A long-time community advocate born in Puerto Rico and raised in Milwaukee, Lerma’s mission is to get more of the city's Latino population vaccinated.

“I am Latina, and being Latina, I understand that sometimes we're hesitant to do certain things for certain reasons," Lerma said. “My mission is to educate as many people as I can that the COVID-19 vaccine is safe. It’s meant to protect you enough for you to not go through what I went through.”

It's been a little more than year since Lerma survived a double lung transplant, after her battle with COVID-19 did irreversible damage to her lungs. She's still practicing how to do normal things like cough and yawn.

“The only thing I notice different is my chest and my lung areas are tighter, so whenever I sneeze or breathe, I can feel them expand,” Lerma said. “Many people don’t realize after a lung transplant you have to relearn how to cough, yawn and sneeze. Those things don’t just come naturally anymore.”

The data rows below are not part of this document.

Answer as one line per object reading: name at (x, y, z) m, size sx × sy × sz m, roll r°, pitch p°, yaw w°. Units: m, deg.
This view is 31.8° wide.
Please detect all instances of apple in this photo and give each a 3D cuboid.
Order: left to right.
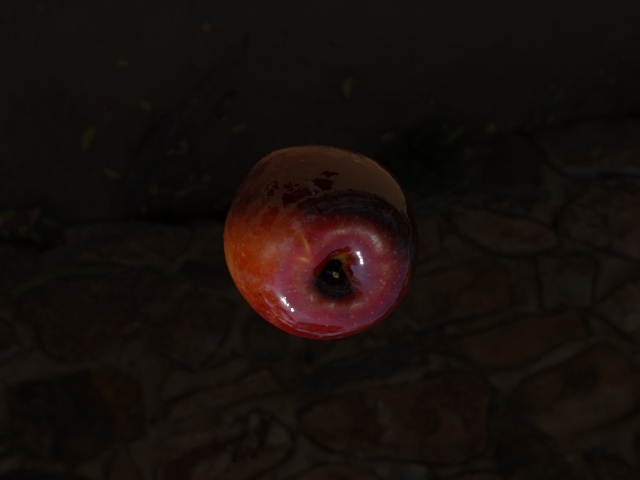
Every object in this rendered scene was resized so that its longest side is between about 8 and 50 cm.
apple at (0.000, 0.000, 1.267) m, size 0.218 × 0.201 × 0.218 m, roll -4°, pitch 122°, yaw -6°

Lerma has returned to working for UMOS part-time, mostly from home. She likes to keep busy but admits it’s remarkably harder to do so.

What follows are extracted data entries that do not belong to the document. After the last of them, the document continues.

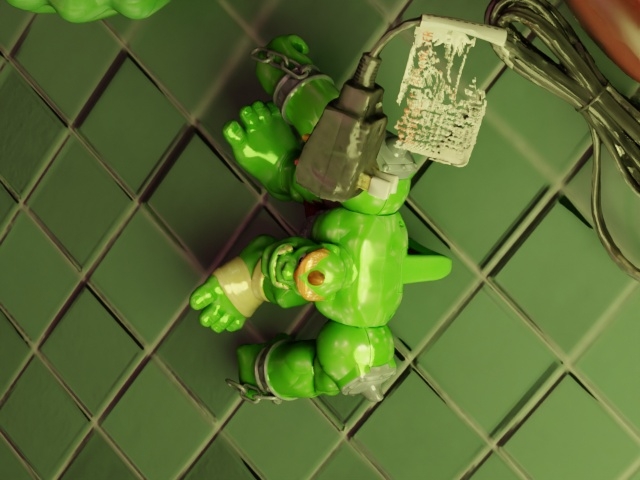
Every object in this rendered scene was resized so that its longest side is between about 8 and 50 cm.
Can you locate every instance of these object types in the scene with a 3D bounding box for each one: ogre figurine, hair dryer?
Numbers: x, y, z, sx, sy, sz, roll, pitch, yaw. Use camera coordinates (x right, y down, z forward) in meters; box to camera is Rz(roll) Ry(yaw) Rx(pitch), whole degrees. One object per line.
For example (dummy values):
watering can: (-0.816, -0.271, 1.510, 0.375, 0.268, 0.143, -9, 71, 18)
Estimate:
ogre figurine: (0.000, 0.000, 1.026, 0.118, 0.097, 0.197, 21, 92, 47)
hair dryer: (0.118, -0.138, 0.941, 0.224, 0.080, 0.293, 11, 101, -5)

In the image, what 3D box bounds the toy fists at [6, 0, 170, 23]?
toy fists: (-0.173, -0.220, 1.103, 0.279, 0.096, 0.142, 33, 107, 25)

“People need to understand what the coronavirus does and causes,” Lerma said.

Lerma gets blood drawn every week, and takes 52 pills a day, to help keep her body from rejecting her new lungs.

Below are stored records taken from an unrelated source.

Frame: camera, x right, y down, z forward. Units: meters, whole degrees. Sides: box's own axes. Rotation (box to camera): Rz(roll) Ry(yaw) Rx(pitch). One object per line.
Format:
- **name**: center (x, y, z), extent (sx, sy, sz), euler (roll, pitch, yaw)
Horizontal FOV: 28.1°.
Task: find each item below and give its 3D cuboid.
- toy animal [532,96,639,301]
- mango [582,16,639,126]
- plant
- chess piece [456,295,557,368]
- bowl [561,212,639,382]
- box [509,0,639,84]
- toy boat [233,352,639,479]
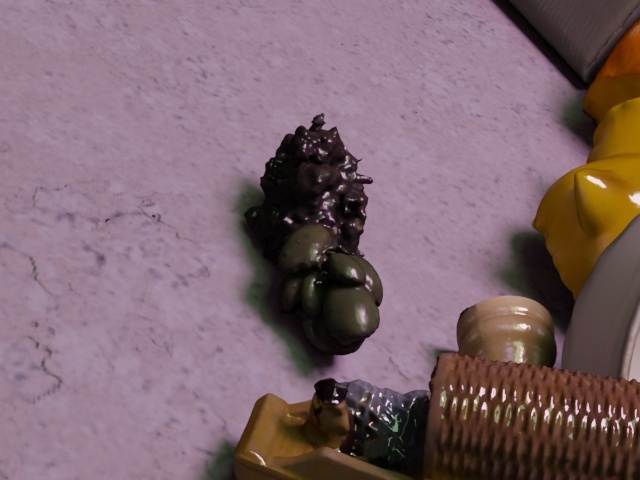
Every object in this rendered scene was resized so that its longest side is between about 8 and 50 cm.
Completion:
- **toy animal**: center (0.255, -0.028, 0.963), extent (0.156, 0.156, 0.230), euler (36, 40, 3)
- **mango**: center (0.373, -0.155, 1.139), extent (0.257, 0.138, 0.187), euler (-39, 104, -24)
- **plant**: center (0.000, 0.000, 0.806), extent (0.087, 0.085, 0.174), euler (-5, 52, -8)
- **chess piece**: center (0.120, 0.100, 0.791), extent (0.066, 0.066, 0.122), euler (18, 45, -20)
- **bowl**: center (0.260, 0.082, 0.789), extent (0.277, 0.277, 0.145), euler (16, -4, -22)
- **box**: center (0.297, -0.339, 1.328), extent (0.352, 0.177, 0.344), euler (-11, 56, -44)
- **toy boat**: center (0.111, 0.118, 0.642), extent (0.310, 0.115, 0.089), euler (11, 25, 11)

She says her battle with COVID, and the toll it took on her body, also prompted other conditions, like hair loss, diabetes and a thyroid disorder.

At the end of October, Lerma needed emergency surgery for a stomach complication.

“Doctors put me under to check on my lungs, and they found something wrong in my stomach,” Lerma said. “I don’t remember much of it, but I have 30 staples in my stomach. Doctors told me I got very sick, very quick.”

A passion to live and to help people continues to fuel Lerma through all the health challenges.

The trauma she's been through, though, has prompted insomnia and anxiety.

“I'm not embarrassed to say that I need the help because it's really affecting me emotionally,” Lerma said. “I’m supposed to wear a machine every night to help me breathe, and I can’t get myself to put it on because it takes me right back to feeling like I’m trapped under a mask in intensive care, like I was for 45 days last year.”

The pain she still deals with and fights to overcome, giving her a new purpose.

“I just want to make a difference,” Lerma said. “Not only have I suffered the repercussions of COVID, but I have friends and family who have died from it. People need to know how they can protect themselves and their families.”

Carmen is working closely with Anthem Blue Cross Blue Shield, and has helped plan nearly 40 vaccination clinics and discussions through the end of this year on Milwaukee's south side, which is home to Wisconsin's largest concentration of Latino families.

Our state's Latino population is among the community's hit hardest by the COVID-19 pandemic, and vaccination rates among this group are lagging.

Right now, about 45 percent of Wisconsin's total Hispanic and Latino population has been fully vaccinated.